余寻光的眼睛特别像夏日里月光下的一泓溪水。
清澈幽深, 带着寂静与安宁。
从某方面来说,余寻光对自己专业能力是很自信的。剧组被迫暂停,余寻光并不会觉得是自己的问题, 他坦荡的面对着面前两位资深的老前辈, 等待着他们的发言。
没人开口。
好吧。既然是探讨,先后顺序也没那么重要。顶着两位前辈的目光,余寻光开始说明自己选择这种表演方式的初衷,他说顺口了,甚至提到了之后表演的细节。
“等冯知平能够说出完整的句子之后, 哪怕他是结巴, 我也会往台词中加入川话方言。”

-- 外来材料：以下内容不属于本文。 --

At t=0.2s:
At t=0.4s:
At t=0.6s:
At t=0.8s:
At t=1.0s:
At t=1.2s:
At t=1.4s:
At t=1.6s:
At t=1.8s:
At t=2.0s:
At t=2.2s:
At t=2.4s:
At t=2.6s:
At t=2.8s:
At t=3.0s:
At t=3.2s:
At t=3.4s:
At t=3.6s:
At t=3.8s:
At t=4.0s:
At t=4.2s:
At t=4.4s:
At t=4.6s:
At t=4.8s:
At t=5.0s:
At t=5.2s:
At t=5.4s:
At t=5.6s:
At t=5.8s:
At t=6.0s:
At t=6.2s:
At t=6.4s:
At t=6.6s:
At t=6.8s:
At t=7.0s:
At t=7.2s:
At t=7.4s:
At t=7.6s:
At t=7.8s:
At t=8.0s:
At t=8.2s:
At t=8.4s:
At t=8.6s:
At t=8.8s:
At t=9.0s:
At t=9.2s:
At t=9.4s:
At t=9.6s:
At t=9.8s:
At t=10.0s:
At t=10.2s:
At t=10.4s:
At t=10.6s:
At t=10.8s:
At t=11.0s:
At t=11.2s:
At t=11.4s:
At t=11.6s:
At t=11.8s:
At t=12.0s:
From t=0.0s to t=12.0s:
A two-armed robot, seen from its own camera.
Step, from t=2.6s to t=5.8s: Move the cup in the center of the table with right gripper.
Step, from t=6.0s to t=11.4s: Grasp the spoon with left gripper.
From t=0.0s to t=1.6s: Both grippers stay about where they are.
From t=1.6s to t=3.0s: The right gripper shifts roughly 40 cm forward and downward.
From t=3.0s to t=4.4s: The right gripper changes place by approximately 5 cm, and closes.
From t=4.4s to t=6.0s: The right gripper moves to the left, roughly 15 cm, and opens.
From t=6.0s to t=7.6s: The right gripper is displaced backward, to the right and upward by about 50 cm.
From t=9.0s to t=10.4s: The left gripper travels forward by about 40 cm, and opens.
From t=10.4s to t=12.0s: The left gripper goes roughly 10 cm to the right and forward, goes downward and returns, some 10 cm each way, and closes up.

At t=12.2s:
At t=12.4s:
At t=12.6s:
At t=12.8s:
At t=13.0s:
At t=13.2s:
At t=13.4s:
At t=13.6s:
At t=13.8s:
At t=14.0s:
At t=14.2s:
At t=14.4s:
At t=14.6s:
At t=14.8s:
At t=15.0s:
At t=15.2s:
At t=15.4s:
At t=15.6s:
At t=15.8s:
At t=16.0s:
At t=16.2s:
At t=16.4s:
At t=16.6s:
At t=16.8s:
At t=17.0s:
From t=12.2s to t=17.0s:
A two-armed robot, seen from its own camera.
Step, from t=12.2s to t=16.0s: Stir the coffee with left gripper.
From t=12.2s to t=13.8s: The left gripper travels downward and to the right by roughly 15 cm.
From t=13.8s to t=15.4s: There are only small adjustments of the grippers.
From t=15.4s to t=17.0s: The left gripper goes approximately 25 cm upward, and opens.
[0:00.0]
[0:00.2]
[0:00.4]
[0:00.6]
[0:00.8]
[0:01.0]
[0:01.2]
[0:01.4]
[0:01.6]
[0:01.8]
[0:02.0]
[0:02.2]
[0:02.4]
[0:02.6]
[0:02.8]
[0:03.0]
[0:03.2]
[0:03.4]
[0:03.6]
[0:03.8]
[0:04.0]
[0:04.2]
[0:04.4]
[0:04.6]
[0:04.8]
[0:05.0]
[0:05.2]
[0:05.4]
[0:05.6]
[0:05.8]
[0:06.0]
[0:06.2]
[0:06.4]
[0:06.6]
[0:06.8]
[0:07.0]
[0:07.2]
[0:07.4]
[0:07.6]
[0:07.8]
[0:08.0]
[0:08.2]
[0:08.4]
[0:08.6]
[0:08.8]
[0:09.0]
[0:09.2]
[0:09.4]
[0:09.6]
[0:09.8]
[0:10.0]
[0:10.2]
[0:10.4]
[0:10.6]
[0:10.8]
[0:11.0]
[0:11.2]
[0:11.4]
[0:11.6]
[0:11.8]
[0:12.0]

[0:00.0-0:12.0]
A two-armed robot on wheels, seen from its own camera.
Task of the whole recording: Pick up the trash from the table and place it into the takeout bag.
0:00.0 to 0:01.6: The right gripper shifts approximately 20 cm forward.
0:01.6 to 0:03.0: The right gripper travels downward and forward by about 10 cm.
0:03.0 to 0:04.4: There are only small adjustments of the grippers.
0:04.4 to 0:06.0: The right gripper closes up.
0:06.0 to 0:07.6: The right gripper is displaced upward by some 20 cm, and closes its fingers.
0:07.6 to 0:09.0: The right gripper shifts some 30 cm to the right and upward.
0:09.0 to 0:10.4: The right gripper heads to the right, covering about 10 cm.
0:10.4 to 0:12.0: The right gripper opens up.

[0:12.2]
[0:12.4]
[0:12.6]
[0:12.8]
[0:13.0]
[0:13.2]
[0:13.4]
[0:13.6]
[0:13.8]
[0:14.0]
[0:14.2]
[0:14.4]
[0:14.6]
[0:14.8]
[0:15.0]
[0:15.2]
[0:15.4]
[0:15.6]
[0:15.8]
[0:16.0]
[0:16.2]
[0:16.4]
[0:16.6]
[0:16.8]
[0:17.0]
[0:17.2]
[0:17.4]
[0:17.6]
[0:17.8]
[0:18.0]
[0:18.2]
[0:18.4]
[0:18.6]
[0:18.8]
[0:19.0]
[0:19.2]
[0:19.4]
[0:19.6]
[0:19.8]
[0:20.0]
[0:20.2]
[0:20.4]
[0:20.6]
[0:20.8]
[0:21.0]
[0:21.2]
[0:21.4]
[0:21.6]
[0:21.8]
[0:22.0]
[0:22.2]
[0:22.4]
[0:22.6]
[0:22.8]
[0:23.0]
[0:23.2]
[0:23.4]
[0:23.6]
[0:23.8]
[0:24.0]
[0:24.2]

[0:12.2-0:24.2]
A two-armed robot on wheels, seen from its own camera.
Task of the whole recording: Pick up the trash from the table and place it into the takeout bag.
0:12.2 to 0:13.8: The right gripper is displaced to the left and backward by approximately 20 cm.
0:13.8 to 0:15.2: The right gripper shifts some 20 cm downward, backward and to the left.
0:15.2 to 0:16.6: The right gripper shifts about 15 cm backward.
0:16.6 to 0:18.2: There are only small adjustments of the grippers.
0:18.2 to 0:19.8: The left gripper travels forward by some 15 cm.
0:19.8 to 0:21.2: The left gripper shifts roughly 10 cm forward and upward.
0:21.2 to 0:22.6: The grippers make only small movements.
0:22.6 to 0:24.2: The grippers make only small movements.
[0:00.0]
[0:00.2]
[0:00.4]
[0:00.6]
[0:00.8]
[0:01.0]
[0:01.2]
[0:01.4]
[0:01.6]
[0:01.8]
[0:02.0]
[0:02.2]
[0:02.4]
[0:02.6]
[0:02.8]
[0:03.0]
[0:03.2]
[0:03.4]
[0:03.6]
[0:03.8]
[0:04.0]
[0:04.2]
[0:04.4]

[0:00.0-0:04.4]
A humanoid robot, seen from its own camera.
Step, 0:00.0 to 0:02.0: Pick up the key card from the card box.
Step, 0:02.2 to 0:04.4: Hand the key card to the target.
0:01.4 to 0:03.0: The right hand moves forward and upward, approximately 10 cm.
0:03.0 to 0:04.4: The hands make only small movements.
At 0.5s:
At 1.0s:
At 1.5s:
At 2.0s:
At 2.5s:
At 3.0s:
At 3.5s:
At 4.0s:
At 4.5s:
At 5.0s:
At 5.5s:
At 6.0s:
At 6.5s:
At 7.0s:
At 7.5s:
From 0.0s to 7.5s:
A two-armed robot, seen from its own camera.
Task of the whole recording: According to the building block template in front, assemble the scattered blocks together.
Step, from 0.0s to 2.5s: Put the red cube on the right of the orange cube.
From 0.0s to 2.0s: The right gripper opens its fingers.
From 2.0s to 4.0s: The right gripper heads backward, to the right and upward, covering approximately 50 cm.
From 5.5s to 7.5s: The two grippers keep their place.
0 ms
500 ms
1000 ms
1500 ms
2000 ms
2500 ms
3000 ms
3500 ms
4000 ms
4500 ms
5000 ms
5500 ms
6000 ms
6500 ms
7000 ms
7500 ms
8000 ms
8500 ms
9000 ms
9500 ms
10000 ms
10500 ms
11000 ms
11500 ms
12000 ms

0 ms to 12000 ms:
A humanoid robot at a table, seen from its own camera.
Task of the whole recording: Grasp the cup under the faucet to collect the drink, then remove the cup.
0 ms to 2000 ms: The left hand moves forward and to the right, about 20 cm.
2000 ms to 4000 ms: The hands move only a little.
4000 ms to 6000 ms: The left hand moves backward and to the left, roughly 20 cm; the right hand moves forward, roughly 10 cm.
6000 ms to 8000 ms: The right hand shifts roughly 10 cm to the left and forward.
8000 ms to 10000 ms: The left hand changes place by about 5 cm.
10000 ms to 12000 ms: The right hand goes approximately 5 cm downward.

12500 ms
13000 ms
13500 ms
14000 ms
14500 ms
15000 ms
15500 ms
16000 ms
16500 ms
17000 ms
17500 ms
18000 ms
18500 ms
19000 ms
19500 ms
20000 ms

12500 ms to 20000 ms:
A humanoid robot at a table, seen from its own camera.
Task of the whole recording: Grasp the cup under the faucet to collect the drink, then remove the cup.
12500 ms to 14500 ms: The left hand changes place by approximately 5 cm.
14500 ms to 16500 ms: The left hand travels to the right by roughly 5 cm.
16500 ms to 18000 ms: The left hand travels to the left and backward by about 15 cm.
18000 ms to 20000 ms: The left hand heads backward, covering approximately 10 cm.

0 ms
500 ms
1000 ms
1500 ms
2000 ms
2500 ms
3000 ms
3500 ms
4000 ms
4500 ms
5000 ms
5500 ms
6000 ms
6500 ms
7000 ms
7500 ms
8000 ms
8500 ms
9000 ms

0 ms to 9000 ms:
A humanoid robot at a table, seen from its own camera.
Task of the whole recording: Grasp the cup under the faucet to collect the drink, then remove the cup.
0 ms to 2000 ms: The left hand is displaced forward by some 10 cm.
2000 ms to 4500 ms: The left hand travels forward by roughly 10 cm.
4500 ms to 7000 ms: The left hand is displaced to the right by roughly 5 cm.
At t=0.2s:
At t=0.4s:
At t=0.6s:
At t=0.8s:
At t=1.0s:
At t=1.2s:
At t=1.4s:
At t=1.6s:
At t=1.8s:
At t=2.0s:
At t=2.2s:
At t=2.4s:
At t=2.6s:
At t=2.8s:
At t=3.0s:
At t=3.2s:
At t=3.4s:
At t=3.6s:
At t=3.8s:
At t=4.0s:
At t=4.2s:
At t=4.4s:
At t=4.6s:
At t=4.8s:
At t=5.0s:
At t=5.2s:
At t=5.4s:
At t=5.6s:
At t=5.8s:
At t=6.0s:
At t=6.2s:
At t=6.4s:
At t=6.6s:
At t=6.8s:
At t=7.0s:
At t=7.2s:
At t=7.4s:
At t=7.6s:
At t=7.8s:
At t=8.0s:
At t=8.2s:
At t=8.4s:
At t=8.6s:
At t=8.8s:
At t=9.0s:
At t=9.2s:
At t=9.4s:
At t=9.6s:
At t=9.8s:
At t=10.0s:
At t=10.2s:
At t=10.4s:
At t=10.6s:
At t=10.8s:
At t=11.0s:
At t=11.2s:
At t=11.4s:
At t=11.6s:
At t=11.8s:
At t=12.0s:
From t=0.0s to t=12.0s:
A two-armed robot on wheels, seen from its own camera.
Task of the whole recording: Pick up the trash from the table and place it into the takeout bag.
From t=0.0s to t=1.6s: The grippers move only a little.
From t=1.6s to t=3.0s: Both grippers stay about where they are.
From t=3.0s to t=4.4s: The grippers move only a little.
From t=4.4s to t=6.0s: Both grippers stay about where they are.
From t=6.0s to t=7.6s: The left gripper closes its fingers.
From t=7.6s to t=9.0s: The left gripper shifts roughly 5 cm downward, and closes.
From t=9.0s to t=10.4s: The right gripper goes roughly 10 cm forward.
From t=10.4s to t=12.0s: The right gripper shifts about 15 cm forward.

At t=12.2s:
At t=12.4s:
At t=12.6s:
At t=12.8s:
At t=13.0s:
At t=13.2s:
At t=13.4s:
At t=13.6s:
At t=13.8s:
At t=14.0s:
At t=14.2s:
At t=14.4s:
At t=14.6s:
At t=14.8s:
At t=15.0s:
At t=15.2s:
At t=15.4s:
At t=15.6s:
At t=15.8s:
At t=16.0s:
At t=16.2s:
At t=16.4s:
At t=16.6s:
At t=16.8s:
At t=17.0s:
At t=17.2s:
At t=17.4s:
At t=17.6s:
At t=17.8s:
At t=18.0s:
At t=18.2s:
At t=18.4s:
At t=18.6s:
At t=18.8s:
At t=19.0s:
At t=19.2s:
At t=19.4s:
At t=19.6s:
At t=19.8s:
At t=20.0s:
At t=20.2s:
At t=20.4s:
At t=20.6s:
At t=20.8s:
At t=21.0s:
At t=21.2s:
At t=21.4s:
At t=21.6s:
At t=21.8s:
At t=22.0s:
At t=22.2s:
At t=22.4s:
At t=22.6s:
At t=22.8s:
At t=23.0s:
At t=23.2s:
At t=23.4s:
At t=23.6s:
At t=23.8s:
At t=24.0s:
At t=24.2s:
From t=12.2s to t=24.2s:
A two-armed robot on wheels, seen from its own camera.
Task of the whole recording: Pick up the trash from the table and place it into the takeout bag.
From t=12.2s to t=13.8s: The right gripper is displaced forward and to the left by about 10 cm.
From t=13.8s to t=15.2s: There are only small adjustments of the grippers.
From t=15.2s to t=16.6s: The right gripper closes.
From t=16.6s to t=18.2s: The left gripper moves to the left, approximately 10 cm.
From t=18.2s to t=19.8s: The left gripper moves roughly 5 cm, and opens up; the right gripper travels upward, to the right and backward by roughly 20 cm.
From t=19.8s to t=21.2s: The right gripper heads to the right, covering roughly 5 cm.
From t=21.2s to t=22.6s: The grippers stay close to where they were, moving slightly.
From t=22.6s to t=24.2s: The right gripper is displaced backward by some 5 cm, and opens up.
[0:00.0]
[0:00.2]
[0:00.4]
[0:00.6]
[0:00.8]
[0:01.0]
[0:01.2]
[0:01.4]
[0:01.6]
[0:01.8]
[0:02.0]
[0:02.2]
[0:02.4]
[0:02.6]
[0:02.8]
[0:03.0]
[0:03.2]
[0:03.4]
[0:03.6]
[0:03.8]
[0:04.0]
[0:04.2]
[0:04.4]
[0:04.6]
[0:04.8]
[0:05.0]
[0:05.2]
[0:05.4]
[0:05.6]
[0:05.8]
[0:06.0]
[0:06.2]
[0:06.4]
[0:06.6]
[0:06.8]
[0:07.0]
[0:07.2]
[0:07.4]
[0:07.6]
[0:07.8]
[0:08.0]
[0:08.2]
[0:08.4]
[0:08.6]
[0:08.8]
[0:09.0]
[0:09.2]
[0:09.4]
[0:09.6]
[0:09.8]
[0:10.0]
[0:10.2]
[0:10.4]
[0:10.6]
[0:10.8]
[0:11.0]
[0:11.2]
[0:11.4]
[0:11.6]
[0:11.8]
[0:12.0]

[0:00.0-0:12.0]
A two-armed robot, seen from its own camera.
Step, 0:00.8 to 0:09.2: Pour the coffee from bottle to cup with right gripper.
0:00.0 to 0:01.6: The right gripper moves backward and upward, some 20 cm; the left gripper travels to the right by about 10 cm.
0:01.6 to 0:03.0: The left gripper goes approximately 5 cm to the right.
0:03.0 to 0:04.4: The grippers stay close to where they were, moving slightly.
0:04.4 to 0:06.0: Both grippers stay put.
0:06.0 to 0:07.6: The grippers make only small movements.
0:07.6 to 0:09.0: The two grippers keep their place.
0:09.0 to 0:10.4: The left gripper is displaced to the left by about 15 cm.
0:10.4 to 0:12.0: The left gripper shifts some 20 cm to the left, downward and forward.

胡继周立马明白他的意思,“因为冯知平是在学老罗说话。”
“是的。”
胡继周若有所思, 顺势道出自己的想法。
“突然间冒出来一个人,虽然被他救了, 但是老罗心里肯定还是有些惊慌失措的。他这个时候并不知道冯知平身后有多少人,他只以为冯知平能够在大漠中活下来,背后一定是有组织的。老罗是个逃兵,他做了对不起军队的事,所以反应过来之后,他一定会害怕。他会害怕,就会掩饰, 就会躲闪,所以在这里他要表现出不自在,他甚至会做出逃跑的行为。”
好的演员是能够在语言表达上做到满分的。
当众通过一段剧情剖析自己的角色,那属于是基本功。
只是说归说,演归演,表演从来不是一项可以通过口头叙述来做到满分的艺术。它得实操。
也就是所谓的“纸上得来终觉浅, 绝知此事要躬行。”
雷纬明也平静地说出自己的想法。
三位演员做完碎片化分析后,他们开始通过尝试,通过无限的尝试来构建表演上的可能性。
他们通过这种交流,深入对方的想法,深入对方的角色。
几个陌生的演员最开始组合到一起时,由于各自所用的表演体系不同,表演方法的选择不同,采取的表演形式不同,确实是需要一段磨合的时间。当通过磨合消除掉个体差异之后,演员们便朝着同一个目标齐头并进,奋勇向前。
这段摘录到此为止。